I'm just going to do some good old filter blogging for a bit since I have no idea what I'm doing and that's about the only thing that will keep me from freaking out and submitting my resume to some horrid wealth management firm. I'm seriously lacking direction and confidence, so I'm just going to capture things I like or find interesting and hopefully soon, I'll see a trend.

Alissa sent me a daily reflection today, which is always very inspirational:


"If you love babies and cameras and are a stay at home mom, that doesn’t mean you can automatically become a professional baby photographer.  I’m just saying because everyday, I swear a new friend on FB becomes one.  It is not hard to put a sleeping baby in a knitted cap and take a picture.  You added a headband!   How whimsical and creative!!  NO!"

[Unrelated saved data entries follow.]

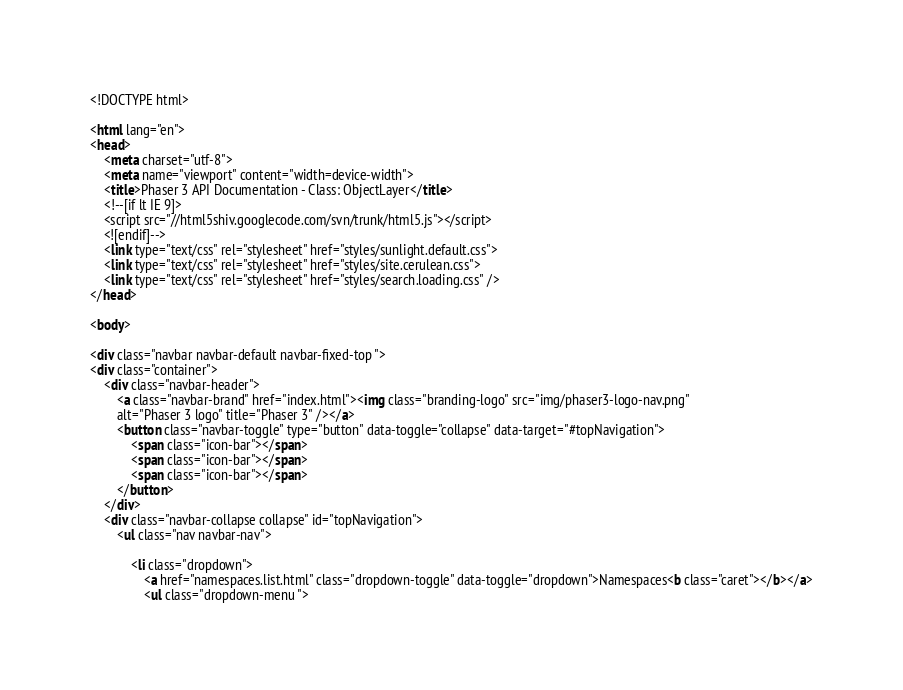<code> <loc_0><loc_0><loc_500><loc_500><_HTML_><!DOCTYPE html>

<html lang="en">
<head>
	<meta charset="utf-8">
	<meta name="viewport" content="width=device-width">
	<title>Phaser 3 API Documentation - Class: ObjectLayer</title>
	<!--[if lt IE 9]>
	<script src="//html5shiv.googlecode.com/svn/trunk/html5.js"></script>
	<![endif]-->
	<link type="text/css" rel="stylesheet" href="styles/sunlight.default.css">
	<link type="text/css" rel="stylesheet" href="styles/site.cerulean.css">
	<link type="text/css" rel="stylesheet" href="styles/search.loading.css" />
</head>

<body>

<div class="navbar navbar-default navbar-fixed-top ">
<div class="container">
	<div class="navbar-header">
		<a class="navbar-brand" href="index.html"><img class="branding-logo" src="img/phaser3-logo-nav.png"
		alt="Phaser 3 logo" title="Phaser 3" /></a>
		<button class="navbar-toggle" type="button" data-toggle="collapse" data-target="#topNavigation">
			<span class="icon-bar"></span>
			<span class="icon-bar"></span>
			<span class="icon-bar"></span>
        </button>
	</div>
	<div class="navbar-collapse collapse" id="topNavigation">
		<ul class="nav navbar-nav">
			
			<li class="dropdown">
				<a href="namespaces.list.html" class="dropdown-toggle" data-toggle="dropdown">Namespaces<b class="caret"></b></a>
				<ul class="dropdown-menu "></code>

Which prompted me to look up headbands on Etsy...which lead searching for royal icing decorations, baking shiz,etc etc. I could have an etsy shop! Here we go... Another tangent. But seriously, today I found out that one of my favorite cake decorating supply stores, Layer Cake Shop, started their biz with only 7 items on Etsy. Look at them now!

All I want to do is help kids and bake cute, tasty shit. Whatever i want. Whenever i want. For whomever i want. That's it. I don't even care about making money.